Right. Mother Nature nobody can control. That's different, life-threatening stuff.

I noticed the other day at practice offensive line coach Bill Callahan took you guys onto the side field so you couldn't listen to music during drills.

[Laughing] Yeah.

Is that the worst part of his drills?

Yeah, he's the reason the music really wasn't playing in the beginning of practice.

Because you like playing DJ, right?

I ain't gonna say I like playing DJ, but music really does help get through the monotony of practice and helps keep the juices flowing, so having the music around does help. But Coach Callahan does a lot of talking and teaching. He hates having to talk over the music, so that's why he's against it.

So you just have to negotiate.

The only thing that's being negotiated is, if he don't want it, he don't want it.

As you prepare for the season opener against the Eagles, is it cliché for you to say you're ready? Is there any apprehension or extreme confidence in yourself as you approach the start?

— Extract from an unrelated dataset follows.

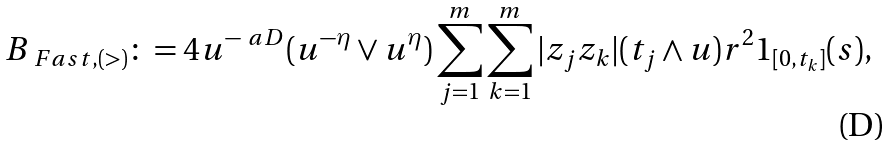<formula> <loc_0><loc_0><loc_500><loc_500>B _ { \ F a s t , ( > ) } \colon = 4 u ^ { - \ a D } ( u ^ { - \eta } \vee u ^ { \eta } ) \sum _ { j = 1 } ^ { m } \sum _ { k = 1 } ^ { m } | z _ { j } z _ { k } | ( t _ { j } \wedge u ) r ^ { 2 } 1 _ { [ 0 , t _ { k } ] } ( s ) ,</formula>

I don't think apprehension would be the right word. You're kind of a little nervous just because it's the first game of the year. These blows really count. You don't want to take a loss. I mean, there's a lot of stuff going into it. You're not certain. You know how you want the season to go, and no one's certain how high it will go. You don't know, man, there's a lot of uncertainty, there's a lot of optimism, there's a lot of nervous energy. I feel like this is the longest part of the year, if you include the four preseason games, and you have a few more days all the way until this game.

How do you get through that to stay sharp?

There ain't really much you can do, that's why it seems so long.

Is the experience of walking through the tunnel still a thrill for you?

It's always a thrill, anytime you go through that tunnel. The season opener, everybody is so amped up for it, you've got literally months and months to look forward to what games have got to be played on the schedule. Open up with a divisional opponent, who we've had some battles with, always adds a little more to the opening night factor.